Franziska Schaum

»Neben sich ganz dicht« Holzschnitt aus der Reihe Berlin Kollwitzplatz

Ausstellung in der Schaubühne Lindenfels zum Theaterstück »Käthe – vom Leben gezeichnet« Premiere 28.9.

»Bankrott« Holzschnitt aus dem Lyrikband von Eiríkur Örn Norðdahl.

Ich arbeite als Grafikerin und Illustratorin und habe schon immer gerne beobachtet: bei meinen Grosseltern in Thüringen von einem Platz in der Hecke aus die Insekten und Kriechtiere. Ameisen waren oft meine Beute und für das Netz einiger Spinnen bestimmt. Dieses Interesse ist geblieben.

Das Thema der Beobachtungen hat sich im Laufe der Zeit auf die Spezies Mensch erweitert. Der Titel meines Diplom-Holzschnittbuchs lautete z.B. Männer, eine Forschungsarbeit. Am Besten kann ich meine Erkenntnisse mit dem Stift auf Papier festhalten.

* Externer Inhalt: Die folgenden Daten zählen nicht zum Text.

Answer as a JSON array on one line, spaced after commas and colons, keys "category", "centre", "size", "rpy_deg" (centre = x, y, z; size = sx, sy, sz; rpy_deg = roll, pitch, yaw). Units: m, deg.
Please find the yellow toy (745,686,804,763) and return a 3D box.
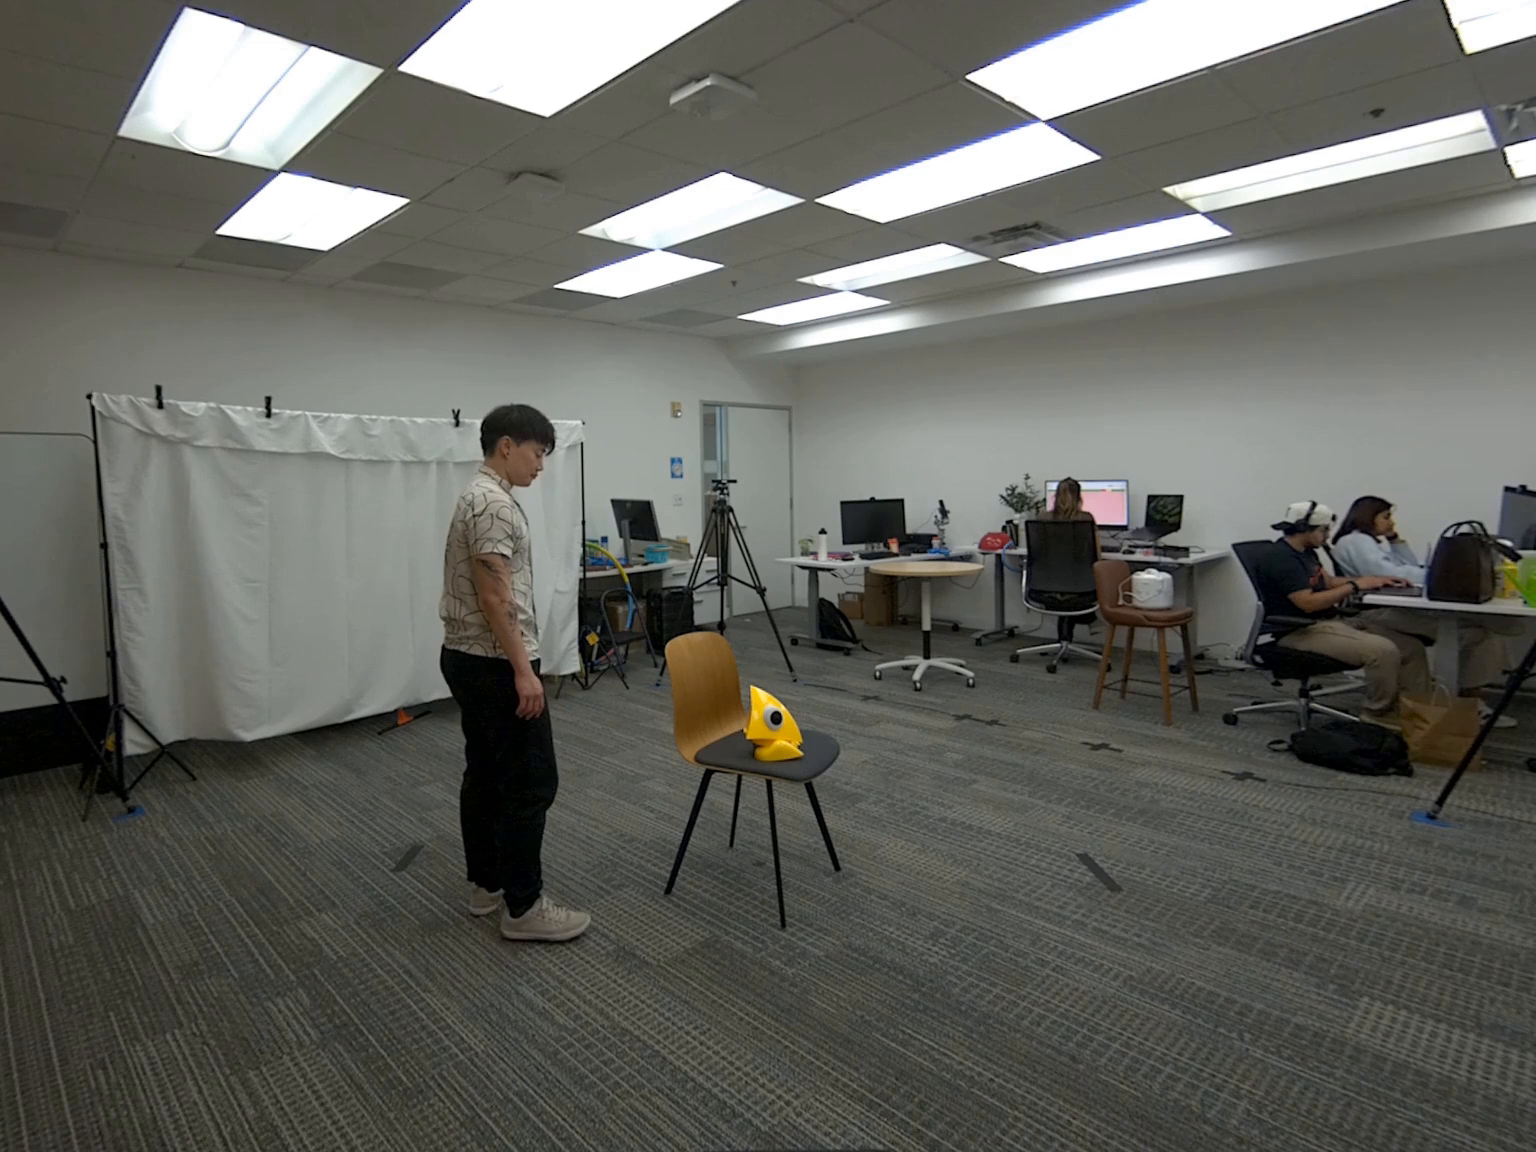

Es gibt inzwischen viele Zeichnungen, Holz- und Linolschnitte über das Leben und das alltägliche Drama darin, oft in schwarz weiß und linear, die nun auf dieser Website zu sehen sind.

Meine Inspirationen finde ich meist im Alltag. Frauen, Männer und Tiere, was sie sind, wofür sie sich halten, welche Rollen sie spielen, wofür sie sich interessieren. So läuft nun z.B. schon seit mehreren Jahren eine Grafikserie in der Berliner Zeitung über eine ganz besondere Beziehung: Frauen und Pferde.

»Jagen 2018«, Postkarte

Vor meinem Studium zur Grafikdesignerin habe ich eine Lehre zur Schriftsetzerin abgeschlossen. Das war in Berlin kurz nach der Wende und überhaupt nicht spannend. Womöglich auch weil ich nach meinem Abi in Treptow (damals Ost) ins Oberstufenzentrum Drucktechnik nach Wittenau kam!

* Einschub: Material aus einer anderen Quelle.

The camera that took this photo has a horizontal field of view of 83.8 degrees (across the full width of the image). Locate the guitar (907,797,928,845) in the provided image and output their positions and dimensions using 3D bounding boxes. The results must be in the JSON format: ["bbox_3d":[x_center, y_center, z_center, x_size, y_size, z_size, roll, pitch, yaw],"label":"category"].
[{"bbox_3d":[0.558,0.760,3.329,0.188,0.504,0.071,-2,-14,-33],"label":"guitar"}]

Wo wir doch gerade die Welt verändert hatten und jeden Tag deswegen zu irgendeiner Demo gegangen waren. Nun also Schriftsetzerin in Westberlin. Es kam mir sinnlos und langweilig vor.

Um irgendetwas zu tun, fing ich an, meine zu 95 % männlichen Kollegen auszukundschaften und zu beobachten. Zu dieser Zeit hatte jeder neben seiner Workstation eine Flasche Wodka und einen Aschenbecher stehen und die Bildzeitung lag auf dem Tisch..»Alle Männer finden große Brüste toll« das war Standart in der Bude.

Umwege auf fremden Gebiet sind für mich seitdem immer auch Inspirationsquellen.

Verlagskatze

Mein Studium für Visuelle Kommunikation hat sich über zehn Jahre an drei Hochschulen ausgedehnt: Bauhaus-Uni Weimar, Hochschule für Grafik und Buchkunst Leipzig, UdK Berlin. Studieren fand ich sehr gut. So viele Anregungen und so viele Leute, die sich für dieselben Dinge interessieren, leider bleibt am Ende aber nur der Professor übrig.

So richtig viel hilft das Grafikdesigner Diplom und so ein Meisterschülertitel dann auch nicht bei der Lebenshaltung. Die Katze beißt sich immer noch in den Schwanz, ich hangele mich von Auftrag zu Auftrag und manchmal freue ich mich über einen Lehrauftrag. Wie das eben so ist, und wie der Versuch ausgeht, muss ich wohl beobachten. Das ist der Plan.